DATA SUPPLIED ->
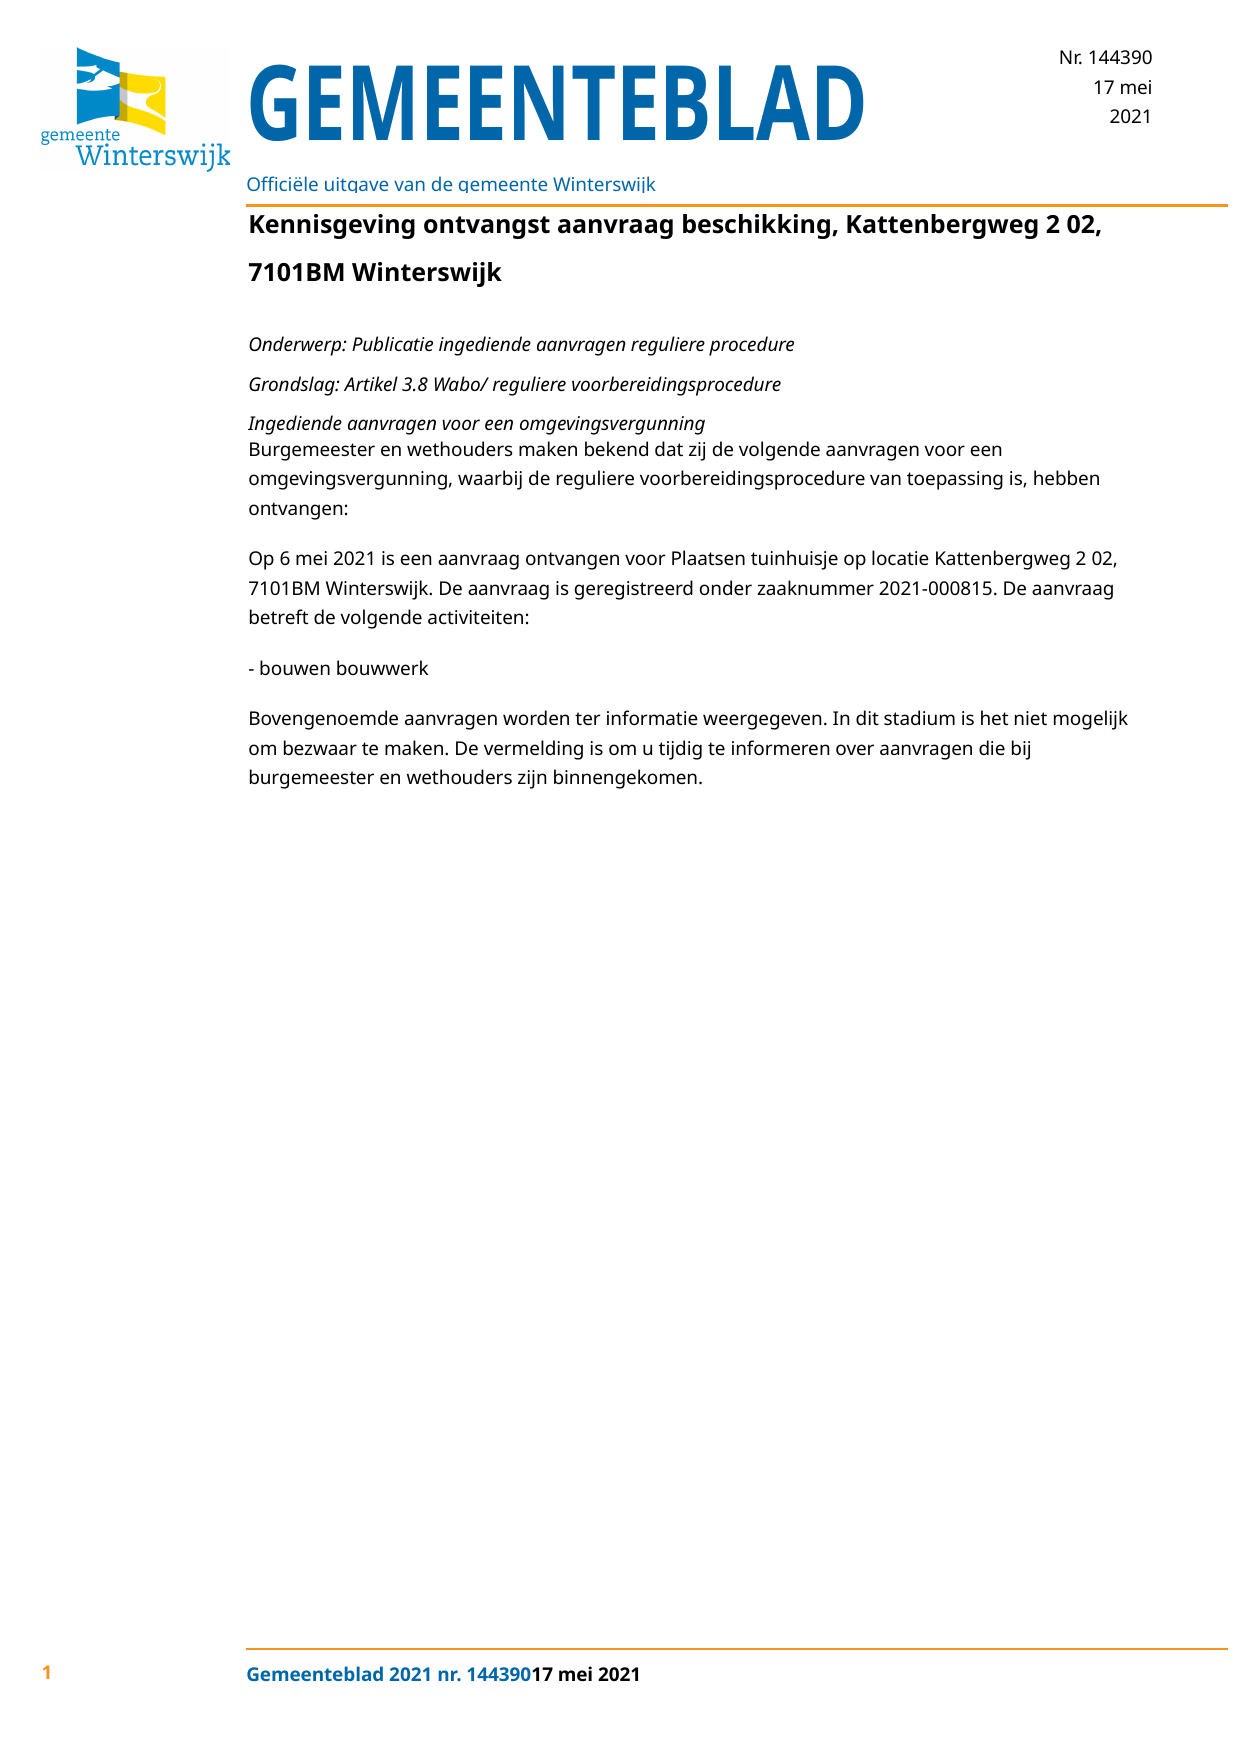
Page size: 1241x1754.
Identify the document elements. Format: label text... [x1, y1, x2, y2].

text Kennisgeving ontvangst aanvraag beschikking, Kattenbergweg 2 02, 7101BM Winterswijk [248, 207, 1152, 288]
text Op 6 mei 2021 is een aanvraag ontvangen voor Plaatsen tuinhuisje op locatie Kattenbergweg 2 02, 7101BM Winterswijk. De aanvraag is geregistreerd onder zaaknummer 2021-000815. De aanvraag betreft de volgende activiteiten: [248, 545, 1152, 630]
picture [225, 153, 231, 162]
text Burgemeester en wethouders maken bekend dat zij de volgende aanvragen voor een omgevingsvergunning, waarbij de reguliere voorbereidingsprocedure van toepassing is, hebben ontvangen: [248, 436, 1152, 521]
text Grondslag: Artikel 3.8 Wabo/ reguliere voorbereidingsprocedure [248, 371, 1152, 396]
picture [41, 47, 231, 172]
text - bouwen bouwwerk [248, 655, 1152, 681]
text Bovengenoemde aanvragen worden ter informatie weergegeven. In dit stadium is het niet mogelijk om bezwaar te maken. De vermelding is om u tijdig te informeren over aanvragen die bij burgemeester en wethouders zijn binnengekomen. [248, 705, 1152, 790]
text Onderwerp: Publicatie ingediende aanvragen reguliere procedure [248, 331, 1152, 357]
text Ingediende aanvragen voor een omgevingsvergunning [248, 410, 1152, 436]
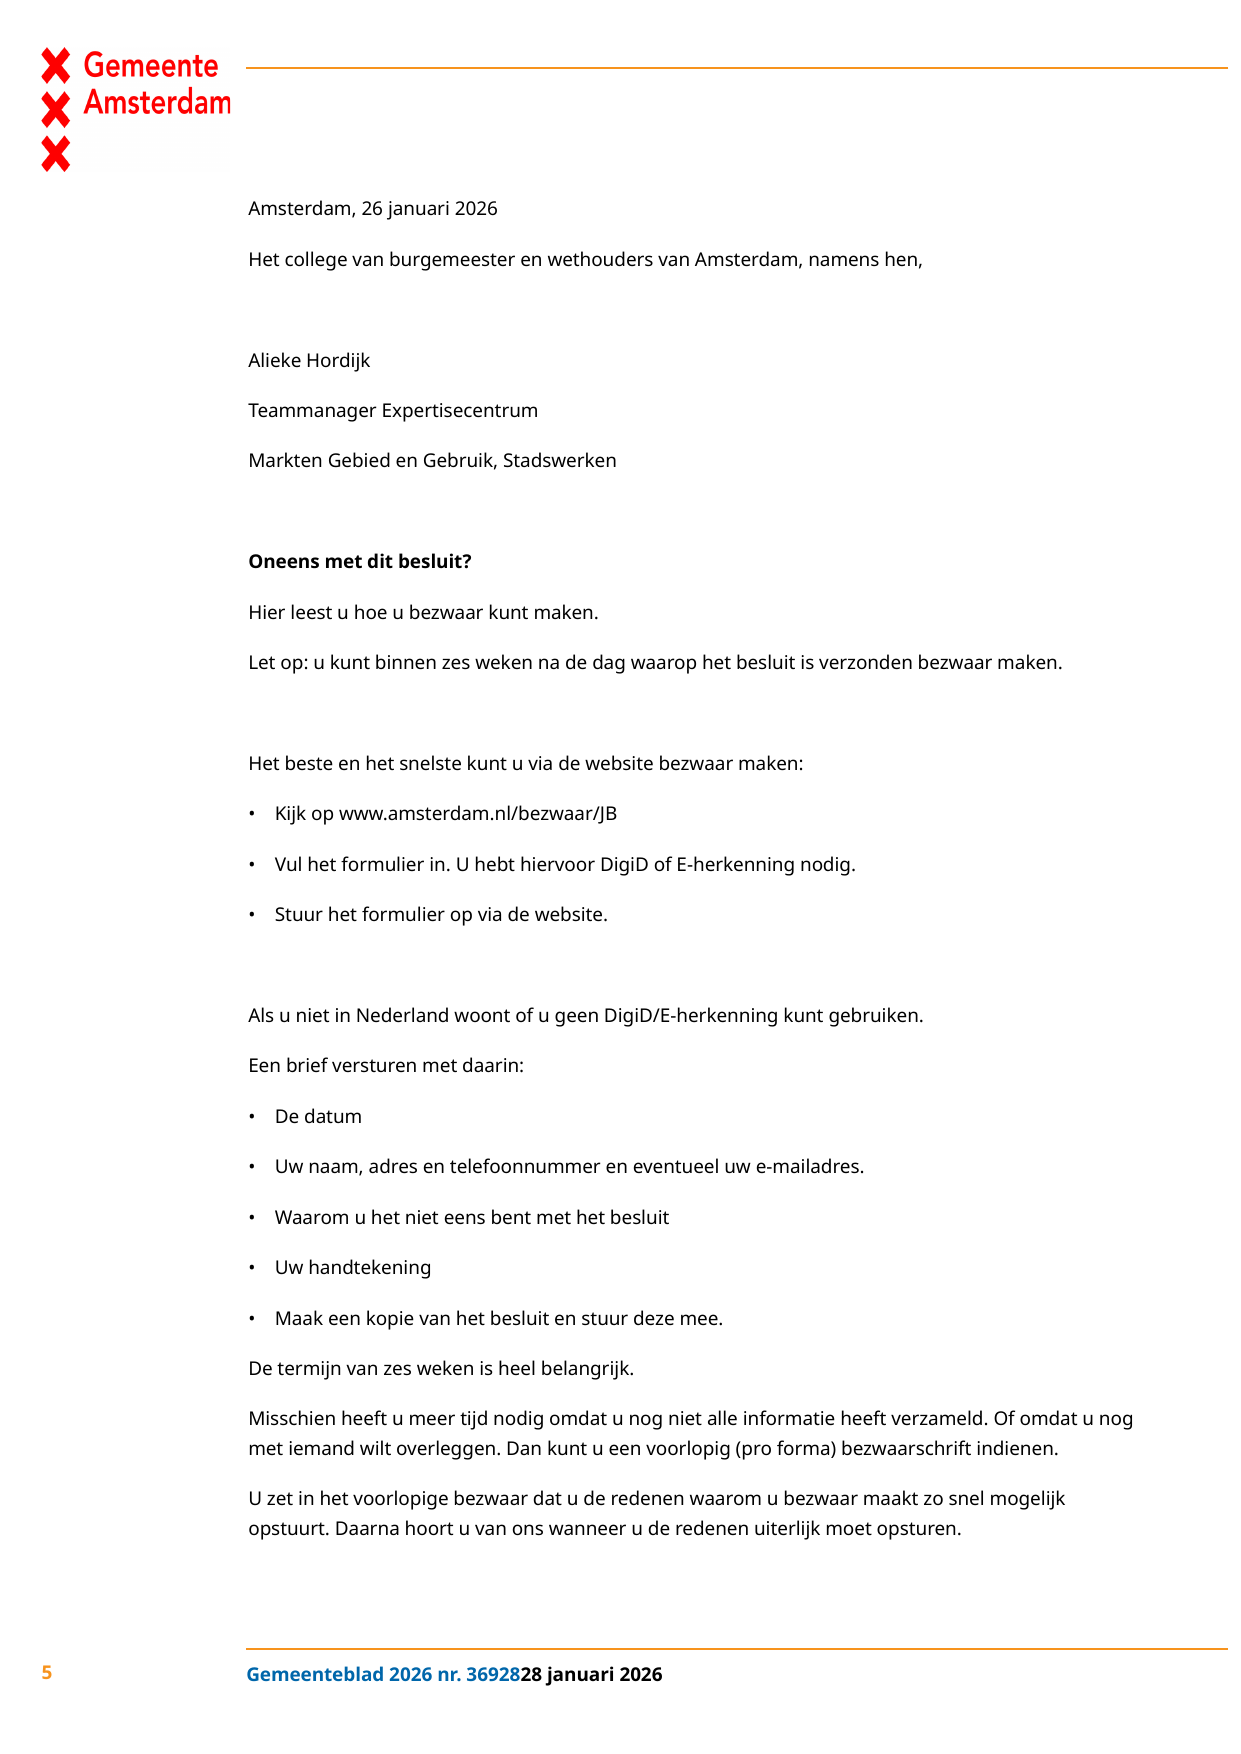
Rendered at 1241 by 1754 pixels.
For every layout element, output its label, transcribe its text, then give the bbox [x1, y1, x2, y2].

text • Stuur het formulier op via de website. [248, 901, 1152, 927]
text • Uw handtekening [248, 1254, 1152, 1280]
text • Vul het formulier in. U hebt hiervoor DigiD of E-herkenning nodig. [248, 851, 1152, 877]
text Teammanager Expertisecentrum [248, 397, 1152, 423]
text Een brief versturen met daarin: [248, 1053, 1152, 1078]
text Het college van burgemeester en wethouders van Amsterdam, namens hen, [248, 246, 1152, 272]
text Amsterdam, 26 januari 2026 [248, 196, 1152, 221]
text • Waarom u het niet eens bent met het besluit [248, 1204, 1152, 1230]
text Het beste en het snelste kunt u via de website bezwaar maken: [248, 750, 1152, 776]
picture [41, 47, 231, 172]
text Markten Gebied en Gebruik, Stadswerken [248, 448, 1152, 473]
text Als u niet in Nederland woont of u geen DigiD/E-herkenning kunt gebruiken. [248, 1002, 1152, 1028]
text • Uw naam, adres en telefoonnummer en eventueel uw e-mailadres. [248, 1153, 1152, 1179]
text Oneens met dit besluit? [248, 548, 1152, 574]
text Alieke Hordijk [248, 347, 1152, 373]
text • De datum [248, 1103, 1152, 1129]
text • Kijk op www.amsterdam.nl/bezwaar/JB [248, 801, 1152, 826]
text De termijn van zes weken is heel belangrijk. [248, 1355, 1152, 1381]
text Misschien heeft u meer tijd nodig omdat u nog niet alle informatie heeft verzameld. Of omdat u nog met iemand wilt overleggen. Dan kunt u een voorlopig (pro forma) bezwaarschrift indienen. [248, 1406, 1152, 1461]
text U zet in het voorlopige bezwaar dat u de redenen waarom u bezwaar maakt zo snel mogelijk opstuurt. Daarna hoort u van ons wanneer u de redenen uiterlijk moet opsturen. [248, 1486, 1152, 1541]
text Let op: u kunt binnen zes weken na de dag waarop het besluit is verzonden bezwaar maken. [248, 649, 1152, 675]
text • Maak een kopie van het besluit en stuur deze mee. [248, 1305, 1152, 1331]
text Hier leest u hoe u bezwaar kunt maken. [248, 599, 1152, 625]
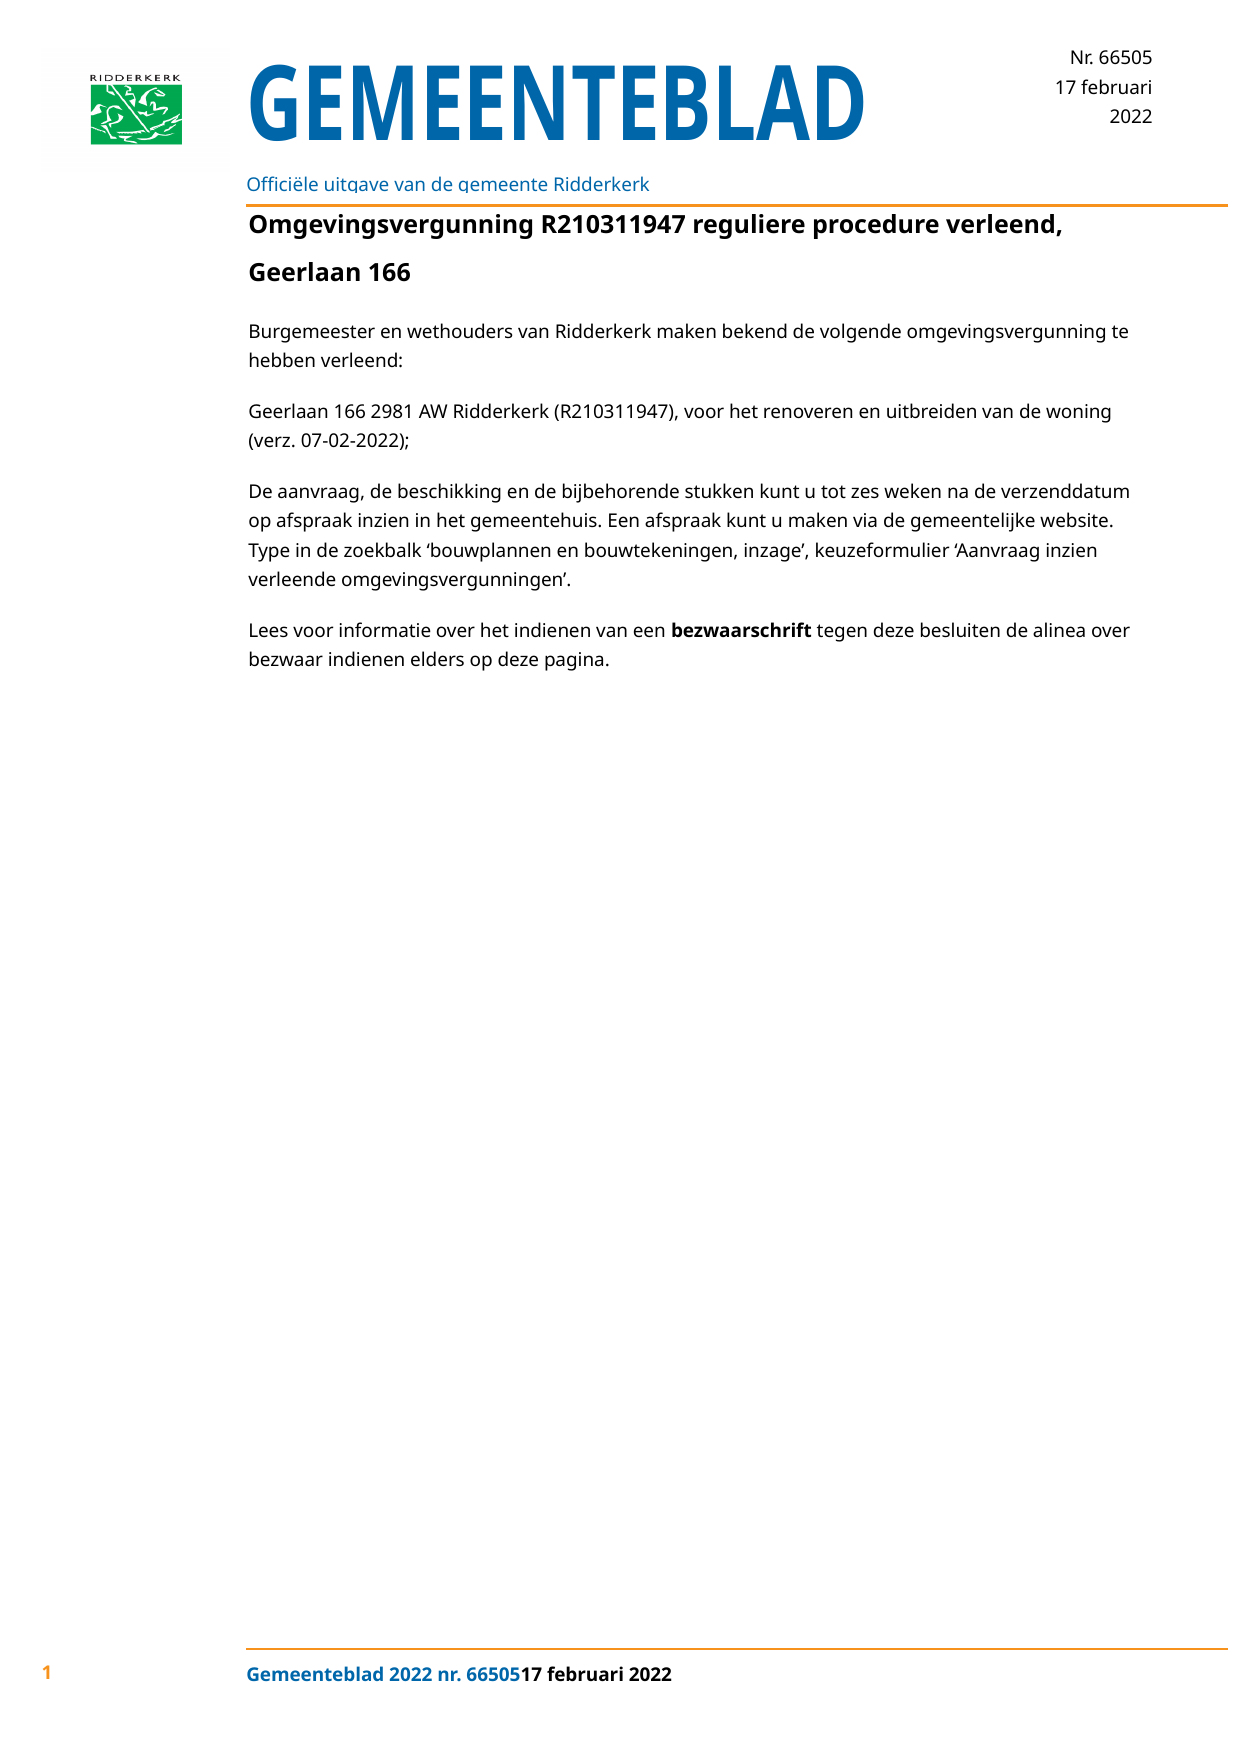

PROBLEM DETAILS -> Lines in the data that include the word "website" should all be copied.

FINISHED TASK ->
text • Stuur het formulier op via de website. [248, 901, 1152, 927]
text Het beste en het snelste kunt u via de website bezwaar maken: [248, 750, 1152, 776]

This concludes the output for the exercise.